Exercise:
All lines of the material that contain "with" must be copied out.
Segment Start: Data extracts
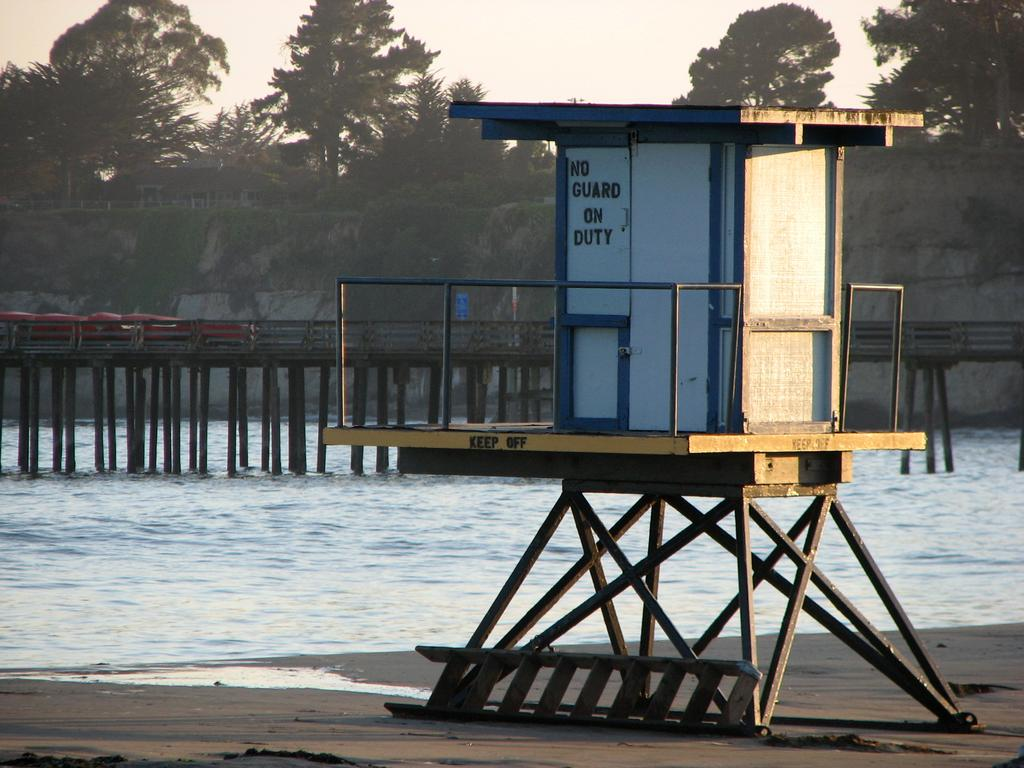What type of room is depicted in the image? There is a safeguard room in the image. What can be used to access higher areas in the image? There is a ladder in the image. What is present in the image that might be used for crossing water? There is a bridge in the image. What type of vegetation is visible in the image? There are trees in the image. What is visible in the background of the image? The sky is visible in the background of the image. What type of protest is taking place in the image? There is no protest present in the image. What type of office equipment can be seen in the image? There is no office equipment present in the image. 
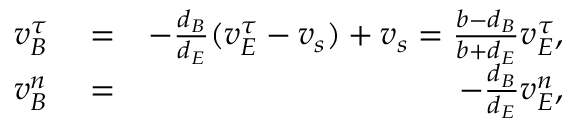<formula> <loc_0><loc_0><loc_500><loc_500>\begin{array} { r l r } { v _ { B } ^ { \tau } } & = } & { - \frac { d _ { B } } { d _ { E } } ( v _ { E } ^ { \tau } - v _ { s } ) + v _ { s } = \frac { b - d _ { B } } { b + d _ { E } } v _ { E } ^ { \tau } , } \\ { v _ { B } ^ { n } } & = } & { - \frac { d _ { B } } { d _ { E } } v _ { E } ^ { n } , } \end{array}</formula> 
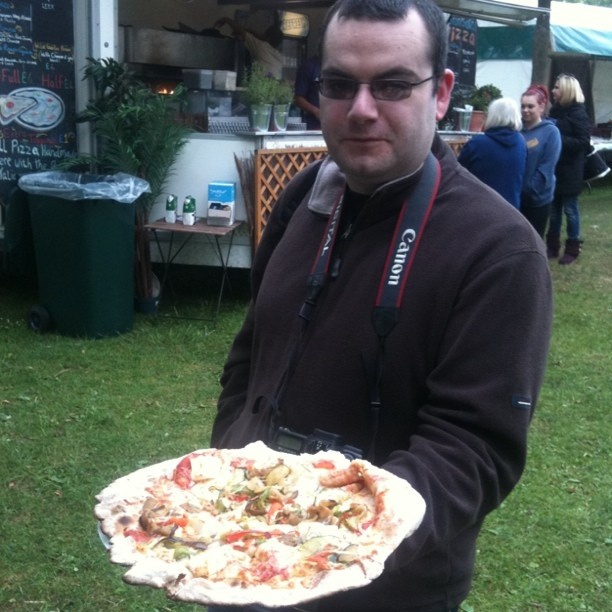Describe the objects in this image and their specific colors. I can see people in navy, black, gray, and darkgray tones, pizza in navy, ivory, tan, and darkgray tones, potted plant in navy, black, teal, gray, and darkgreen tones, people in navy, black, darkgray, and gray tones, and people in navy, black, lightgray, and darkgray tones in this image. 
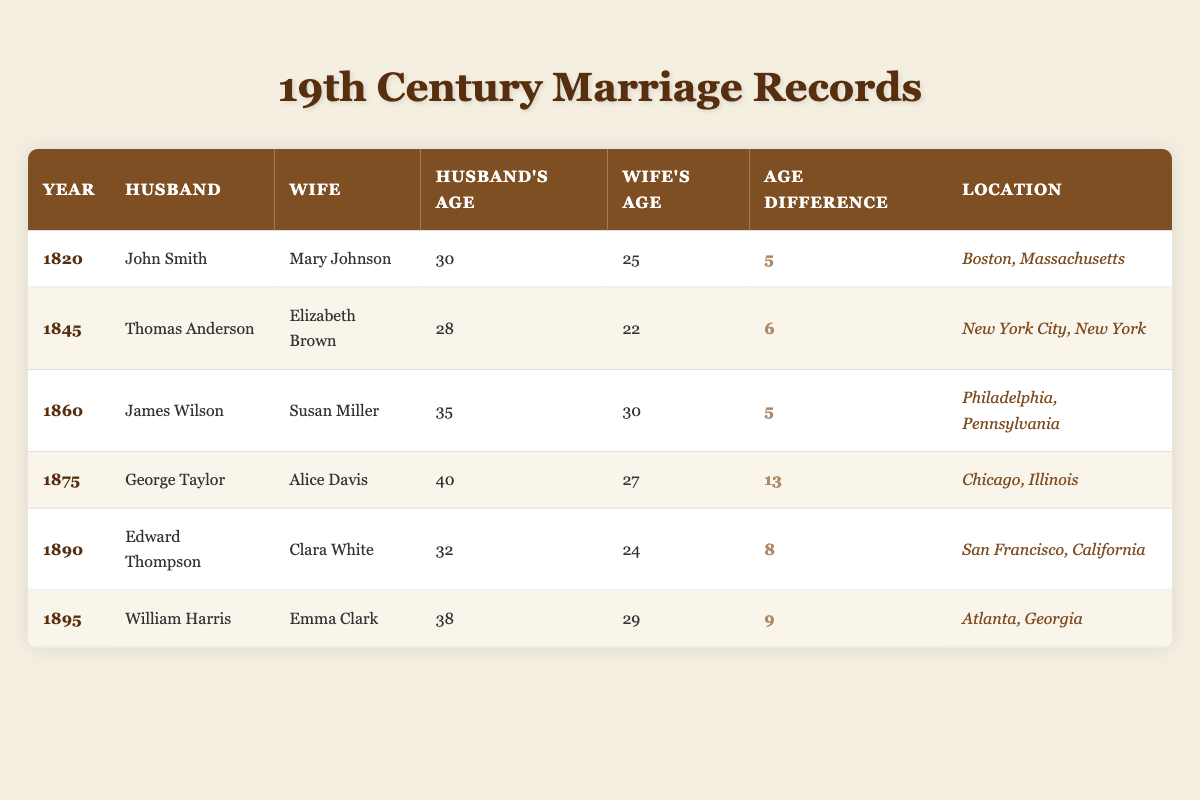What is the age difference between George Taylor and Alice Davis? In the row for the year 1875, George Taylor is listed as the husband at age 40 and Alice Davis as the wife at age 27. The age difference is calculated as 40 - 27 = 13.
Answer: 13 In what year did the couple with the largest age difference get married? By examining the "Age Difference" column, the largest age difference is recorded as 13 in the year 1875 for George Taylor and Alice Davis. Therefore, they were married in 1875.
Answer: 1875 Is it true that all husbands are older than their wives in this table? By evaluating the ages listed, all husbands' ages are higher than their wives' ages across the table, confirming that this statement is true.
Answer: Yes What was the average age of the husbands in this table? To find the average age of husbands, we sum their ages: (30 + 28 + 35 + 40 + 32 + 38) = 203. There are 6 husbands, so we divide 203 by 6 to get the average, which is approximately 33.83.
Answer: Approximately 33.83 Which marriage record has the youngest wife? The records show that Elizabeth Brown was 22 years old when married in 1845, and no other wife is younger than her age in this table. Thus, she is the youngest wife.
Answer: Elizabeth Brown How many couples have an age difference of 5 years? The table shows that there are two couples with an age difference of 5 years: John Smith and Mary Johnson (1820) and James Wilson and Susan Miller (1860). Therefore, the total number is two couples.
Answer: 2 What is the total age difference of all marriages recorded? Adding the age differences together (5 + 6 + 5 + 13 + 8 + 9) results in a total age difference of 46.
Answer: 46 Which location has a marriage with the youngest husband? The record for Thomas Anderson, who was the youngest husband at 28 years old, is from New York City in the year 1845.
Answer: New York City, New York 
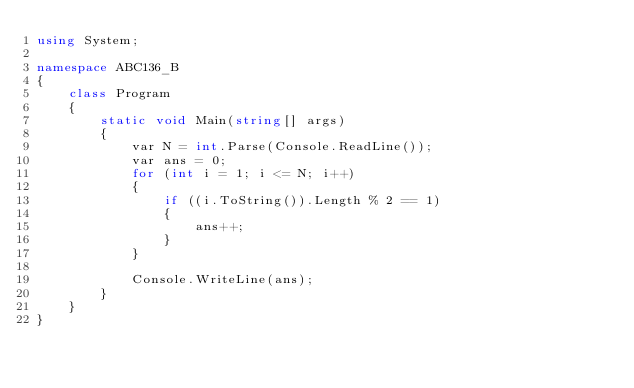<code> <loc_0><loc_0><loc_500><loc_500><_C#_>using System;

namespace ABC136_B
{
    class Program
    {
        static void Main(string[] args)
        {
            var N = int.Parse(Console.ReadLine());
            var ans = 0;
            for (int i = 1; i <= N; i++)
            {
                if ((i.ToString()).Length % 2 == 1)
                {
                    ans++;
                }
            }

            Console.WriteLine(ans);
        }
    }
}
</code> 
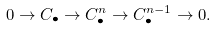Convert formula to latex. <formula><loc_0><loc_0><loc_500><loc_500>0 \rightarrow C _ { \bullet } \rightarrow C _ { \bullet } ^ { n } \rightarrow C _ { \bullet } ^ { n - 1 } \rightarrow 0 .</formula> 
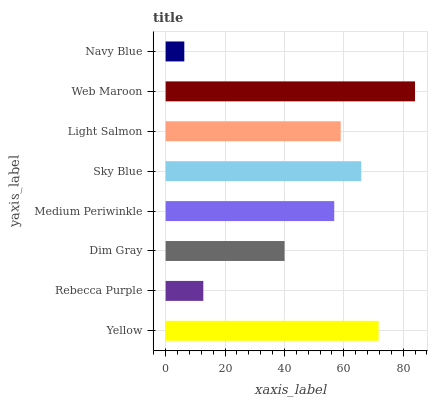Is Navy Blue the minimum?
Answer yes or no. Yes. Is Web Maroon the maximum?
Answer yes or no. Yes. Is Rebecca Purple the minimum?
Answer yes or no. No. Is Rebecca Purple the maximum?
Answer yes or no. No. Is Yellow greater than Rebecca Purple?
Answer yes or no. Yes. Is Rebecca Purple less than Yellow?
Answer yes or no. Yes. Is Rebecca Purple greater than Yellow?
Answer yes or no. No. Is Yellow less than Rebecca Purple?
Answer yes or no. No. Is Light Salmon the high median?
Answer yes or no. Yes. Is Medium Periwinkle the low median?
Answer yes or no. Yes. Is Rebecca Purple the high median?
Answer yes or no. No. Is Navy Blue the low median?
Answer yes or no. No. 
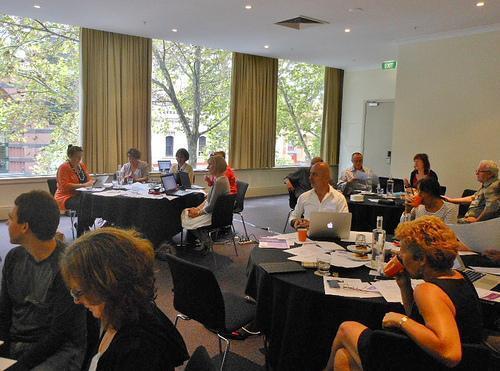How many computers are there?
Give a very brief answer. 6. How many people are drinking?
Give a very brief answer. 2. How many people are drinking from their cup?
Give a very brief answer. 2. 
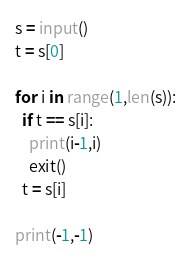Convert code to text. <code><loc_0><loc_0><loc_500><loc_500><_Python_>s = input()
t = s[0]

for i in range(1,len(s)):
  if t == s[i]:
    print(i-1,i)
    exit()
  t = s[i]
    
print(-1,-1)</code>
Segment End: Data extracts
Final answer:
Answer: 13 In what year did the couple with the largest age difference get married? By examining the "Age Difference" column, the largest age difference is recorded as 13 in the year 1875 for George Taylor and Alice Davis. Therefore, they were married in 1875.
Answer: Elizabeth Brown How many couples have an age difference of 5 years? The table shows that there are two couples with an age difference of 5 years: John Smith and Mary Johnson (1820) and James Wilson and Susan Miller (1860). Therefore, the total number is two couples.
Answer: 46 Which location has a marriage with the youngest husband? The record for Thomas Anderson, who was the youngest husband at 28 years old, is from New York City in the year 1845.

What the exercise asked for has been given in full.